Friday, November 18, 2011

Forex strategies revealed are always the buzz words that are mentioned in any email I get, promising the easiest way to earn money in Forex. How many do I get? At least 5 a day. This is largely due to my first tentative steps into the World of Forex, and looking for a broker etc... You give them your details, and then pretty quickly you are left with a system that is shoddy at best, downright dangerous at worst. And on top of that, you are bombarded with the next great big thing in the World of Forex. Talk to 99% of people, and they can not resist the temptation to find out what it is and discover if this really is the hidden gem that has been missing from their lives for so long.... Let me give you a hint... It is not!!!
The good thing though, is that if you implement and test these strategies, after a while you will be able to make something up yourself that you can actually make work! Yes that is right, if you are willing to put the effort in, you can be successful. How successful? That is down to you and only to you. This can either be daunting, or empowering. Your failure is in your hands, but counter intuitively, more worringly, so is your success.

So how do you go from buying the latest fad, to creating a winning strategy that will actually work?

The process is easy, but very time consuming. If I could give you a guarantee that you would be earning a million pounds, how long would you dedicate to it? A month, a Year, a decade even?

Forex promises riches beyond your wildest dreams, and you can start turning that £10 into £1 million within 3 months (yes they actually expect you to believe that) and I am sure for that 1 person out of millions has been able to do that very thing – the laws of probability says that it can be done, but the laws of probability says that it probably won’t be you...

The most important thing to do is to start on the higher time frames – more people can lose more the lower the time frame they use. There is nothing glorious in losing your hard earned cash within a week... staying in the game is key! This is why Demo accounts are available.

I will say that demo accounts have their pros and cons. What you want to test out on your demo account is simply the strategy that you use. You are testing to see if the mechanics of the system are repeatable and are successful. You are not demoing to become a millionaire, on a live account things change dramatically. What you need to know is that if you were to lift the system from demo to live, the system would work. This is also why using the higher timeframes are key, as profits should be greater, which means that you will not be lulled into a false sense of security when you see only profit – live accounts come with a multitude of fees that are not shown on a demo account.
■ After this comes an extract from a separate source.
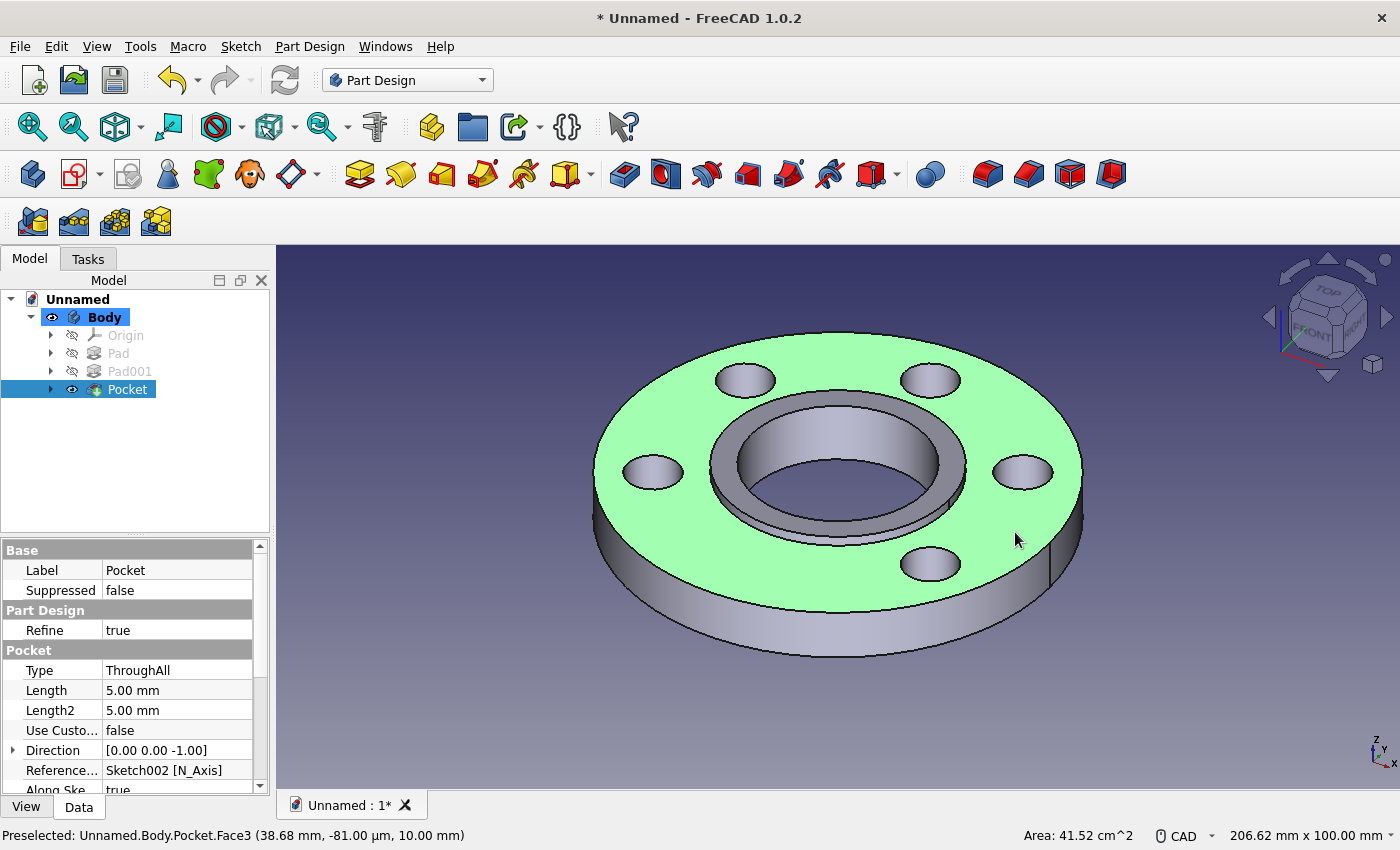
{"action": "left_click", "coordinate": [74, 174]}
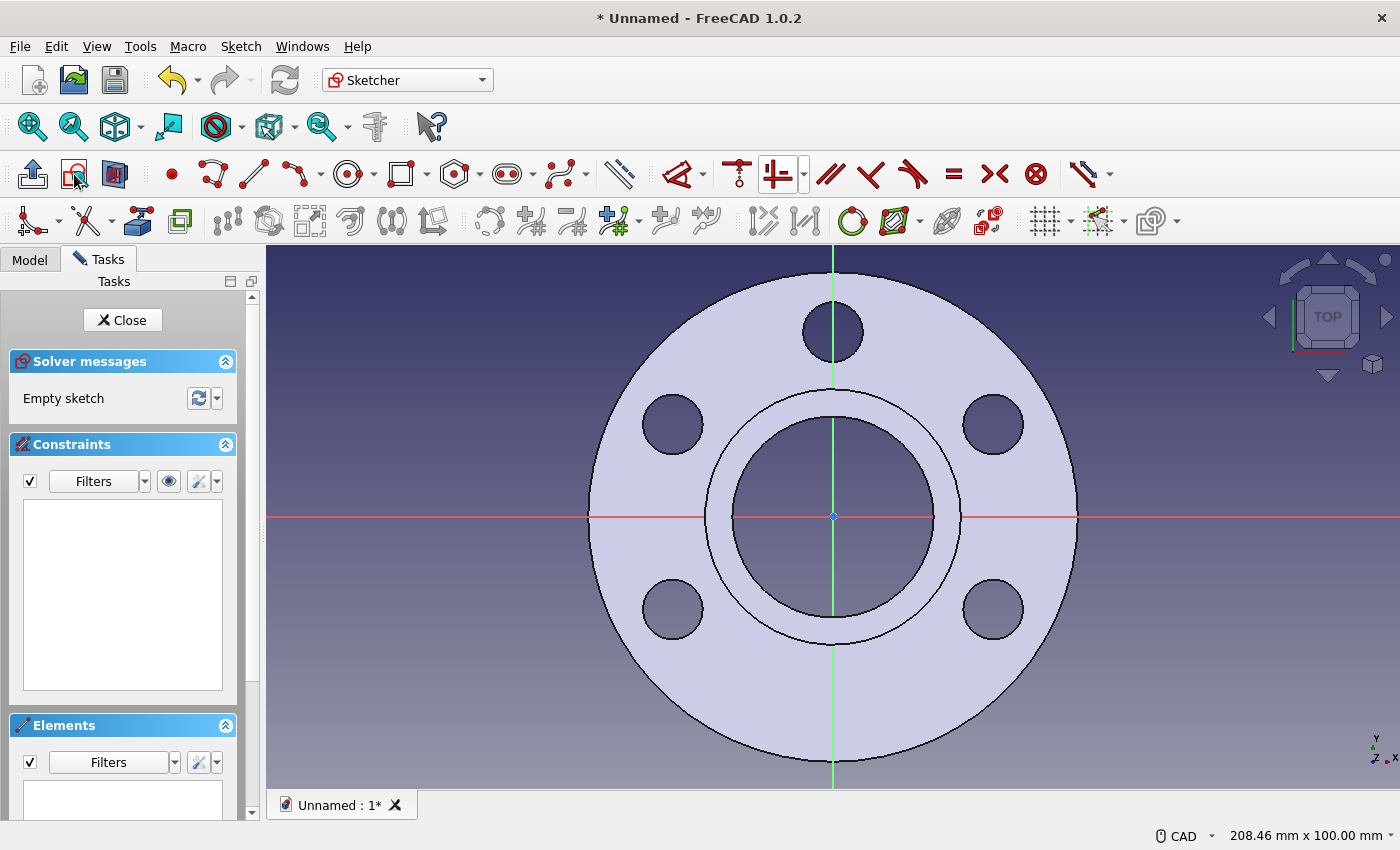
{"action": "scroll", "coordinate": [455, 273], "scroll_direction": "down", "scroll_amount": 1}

So you start on a demo account, what should you be looking for? I always start my demo account with an amount of money that I actually have to play with. If you have $1000, why demo an account with $50,000? Is that going to give you realistic expectations? It also trains you to accept that, certainly at the beginning, you are going to be trading with a view to earning $5 per trade as opposed to $1000. There is nothing as disheartening as demoing a huge account, and then start dreaming of what you could spend your money on, and then to start only making a couple of dollars on your real account – human nature says that you will start to take bigger risks as you try to fulfil your expectations. When you do this, say goodbye to Mr. Account!

So you now have your demo account at a level that you can afford, you now need to start thinking about how much you can risk on each trade. This would generally be between 1% - 3% per trade. Your goal is to make 2%-6% on each trade to cover your losses and still be in profit. So how do you go about this?

1 standard lot = $10 per pip
1 mini lot (0.1 of a standard lot) = $1 per pip
1 micro lot (0.01 of a standard lot) = $0.1 per pip
1 nano lot (0.001 of a standard lot) = $0.01 per pip

If you have a $1000 account, each trade should have a maximum risk of $30.
You position your stop loss, ie 150 pips, and then work out how much you can afford per pip – $30/ 150 =0.2.

So your lot size would be 2 micro lots... $0.2 per pip.

A handy formula would is:

#lots = Acct_ size$ x %risk_per_trade x 0.1 / stoploss_pips

So, with a $1000 account X 0.03 X 0.1 / 150 = 0.02 (which is the micro lot)

You could halve your stop loss to 75, and you would be trading with $0.4 per pip. Your risk is still $30 though. Hopefully you can see how this works. If you want to compound your earnings, you can feed the new account details into the above formula. Or you could set this for a week, and then change the levels.
Either way comes with pros and cons, but this is down to the individual as to how they would like to play it.

The change from demo to real should be within a year if the testing is going well (why would you go live with a system that does not work?). The biggest problem that you have on a live account – is YOU! You have to deal with the emotions of seeing your account showing minus numbers. It does happen, and you have to accept that it is something that will happen. Don’t deviate from your max stop loss, as if you were doing everything right in your demo, then this would just be a normal fluctuation. At the end of the day, you would only be losing a max of $30, and should be able to easily grab that back on the next trade..

Happy trading, and hope this helps a little way!